BACKGROUND OF THE INVENTION

[0003] Crates for long-distance (e.g. international) shipping of products, particularly fruit and similar agricultural products, made of polymers, particularly of Polyolefins, are in general use. Their advantages over crates made of paper or cardboard (e.g. cartons) include greater sturdiness, aeration of the content and resistance to humidity. In some configurations, polymer crates may also be re-usable and therefore generally foldable for return shipping.

[0004] Polymer crates are generally constructed of five panels - four side panels and a base--- each formed as a lattice of ribs. Preferred fabrication method is injection molding. In some configurations, such as those of a so-called monobloc crate, they are fabricated directly in their final, erect form, that is - with the panels fixedly joined. In other configurations, mainly those of a so-called folding crate - mainly intended to be re-usable - the side panels are hingedly interconnected with the base and are erectable by joining their corresponding edges with fasteners or with integral interlocking devices; such a crate is fabricated in a flat form, with the panels either flexibly joined or disjoint; in the latter case the side panels are subsequently joined to the base - preferably by matching integral hinge members.

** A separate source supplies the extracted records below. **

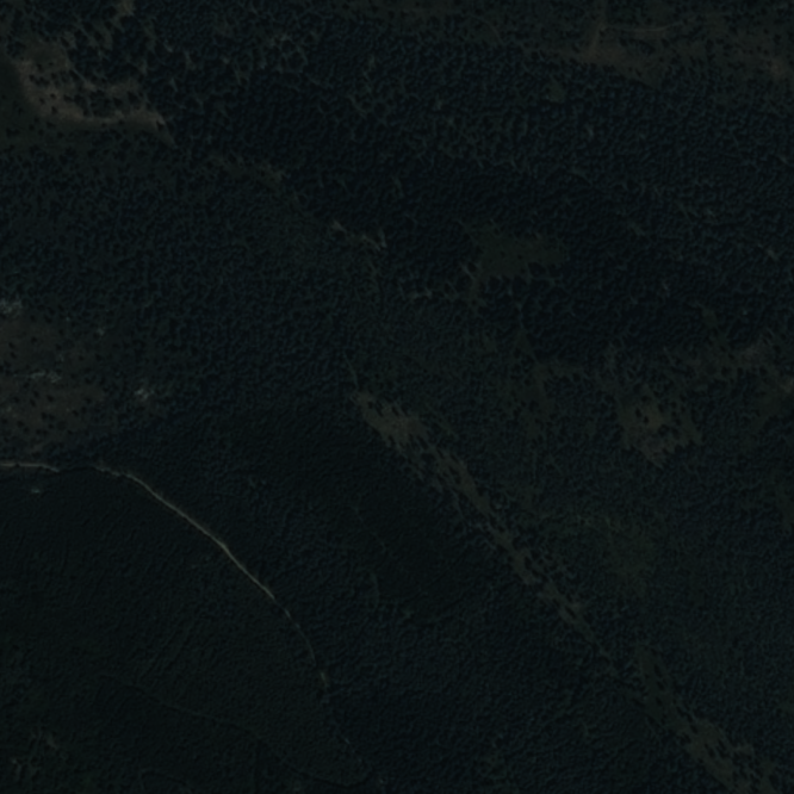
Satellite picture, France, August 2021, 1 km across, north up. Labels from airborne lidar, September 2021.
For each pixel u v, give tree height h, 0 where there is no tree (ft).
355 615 62
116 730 30
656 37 0
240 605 37
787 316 56
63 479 27
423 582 41
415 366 38
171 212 23
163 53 70
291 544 73
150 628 33
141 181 40
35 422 0
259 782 35
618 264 49
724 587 34
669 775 67
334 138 72
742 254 58
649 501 29
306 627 62
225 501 55
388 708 70
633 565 20
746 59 0
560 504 38
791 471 44
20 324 0
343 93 67
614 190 75
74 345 0
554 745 71
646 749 36
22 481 24
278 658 50
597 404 34
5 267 30
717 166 78
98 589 38
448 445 49
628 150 59
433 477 77
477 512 62
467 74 35
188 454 53
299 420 41
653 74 0
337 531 42
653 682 0
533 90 56
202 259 60
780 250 80
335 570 74
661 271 74
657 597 30
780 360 26
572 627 25
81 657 49
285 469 35
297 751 52
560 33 23
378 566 43
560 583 46
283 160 82
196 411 67
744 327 77
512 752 32
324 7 42
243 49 65
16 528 31
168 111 73
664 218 63
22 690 29
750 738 48
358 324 22
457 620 47
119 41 65
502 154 50
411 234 70
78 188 40
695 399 46
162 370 31
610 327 81
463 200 69
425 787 77
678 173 69
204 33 70
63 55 0
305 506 42
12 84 0
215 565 33
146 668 40
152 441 57
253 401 60
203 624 34
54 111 31
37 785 42
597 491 32
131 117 0
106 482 38
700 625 47
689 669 42
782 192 70
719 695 47
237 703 43
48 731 40
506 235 45
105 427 0
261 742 27
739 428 38
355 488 42
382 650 66
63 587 37
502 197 74
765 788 0
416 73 66
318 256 31
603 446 56
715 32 0
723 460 50
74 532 33
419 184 92
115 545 30
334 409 45
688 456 54
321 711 43
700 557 35
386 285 47
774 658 47
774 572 43
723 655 32
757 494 37
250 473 56
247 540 54
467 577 57
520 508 36
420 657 70
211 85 70
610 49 0
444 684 68
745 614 34
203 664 46
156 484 53
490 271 0
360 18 50
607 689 31
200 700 42
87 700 41
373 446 42
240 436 35
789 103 20
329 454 41
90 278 31
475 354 35
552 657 72
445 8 0
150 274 31
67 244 45
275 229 39
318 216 75
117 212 45
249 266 24
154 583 29
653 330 78
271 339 75
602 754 44
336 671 75
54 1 61
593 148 74
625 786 31
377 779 74
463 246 74
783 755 46
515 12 24
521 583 41
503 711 58
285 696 41
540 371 0
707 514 51
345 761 40
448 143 33
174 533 31
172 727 34
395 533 44
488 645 73
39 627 27
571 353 74
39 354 0
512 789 25
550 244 25
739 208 71
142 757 33
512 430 38
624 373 52
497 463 39
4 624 35
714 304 70
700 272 61
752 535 37
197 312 58
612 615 68
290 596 47
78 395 0
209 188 42
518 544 45
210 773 35
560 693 52
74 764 42
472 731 59
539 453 23
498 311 78
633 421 0
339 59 68

[0005] Crates, conveying products, are generally shipped in stacks, possibly placed on a pallet; they remain thus stacked throughout the journey - from the producer's (or packer's) plant to the point of retail distribution. There is often a need to inspect a sample of the product, especially fruit, in a given group of crates - for example, after shipping fruit over a long distance or after a period of its storage in a ripening chamber. This is especially pertinent to fruit with a relatively short usable life, such as avocado or banana. Typically, a sample of one unit, or a few' units, of the product need to be removed from a randomly selected crate and inspected or tested. When the crates are of conventional design, removing a sample of the product necessitates unstacking and then restacking some of the relevant crates - which is labor intensive - or destructively cutting off a part of a side panel of the selected crate - which also involves some extra labor and leaves the crate partly open and thus susceptible to spillage or to damage. Some prior-art crates (e.g. as disclosed in International publication WO 2018/104852 or US patent application 2019337677 - Fig. la) are designed so that a side panel is formed with a hinged door within a hatch opening, the door being joined to the frame of the opening by thin connectors; to remove a sample, the door is manually swung out of the panel, breaking the connectors. This, again, leaves the crate partly open and thus susceptible to spillage or to damage. Some other prior-art crates (e.g. as disclosed in US patent application 2016039598 - Fig. lb) are designed with an opening in a side panel and a door, which is formed as a separate part, joined to the panel by hinges and latchable thereto with a clip; the door normally blocks the opening, but may be swung open to retrieve a sample and then re-closed.

SUMMARY OF THE INVENTION

[0006] According to the present invention there is provided a crate of a novel design, for shipping products, such as fruit and other agricultural products, that enables easily removing a sample of the product from any randomly selected crate within a stack of crates and leaving the crate intact. According to the novel design, a side panel of the crate includes a flap, that may be reversibly deflected outwards, and a flexible member that may normally be set so as to retain the flap from bending outwards, but may also be reversibly flexed so as to clear the flap for opening. A crate of this novel design may be entirely fabricated in a single molding operation - particularly by injection molding. The design is applicable to crates of any configuration, e.g. such as listed hereabove. [0007] More specifically there is provided in example embodiments of the invention a crate for conveying products, the crate comprising four side panels and a base, wherein at least one of the side panels includes:

- a wall portion defining a hatch, a flap deployed to substantially obstruct the hatch, the flap configured to be reversibly deflectable outwards to enable removing a sample of the products via the hatch from inside the crate, and

- at least one flexible member, configured so that when it is in a first state, the flap is free to be deflected outwards and when the flexible member is in a second state, it retains the flap from being pushed outwards by contents of the crate; wherein at least one of the side panels is integrally formed from polymer material via injection molding.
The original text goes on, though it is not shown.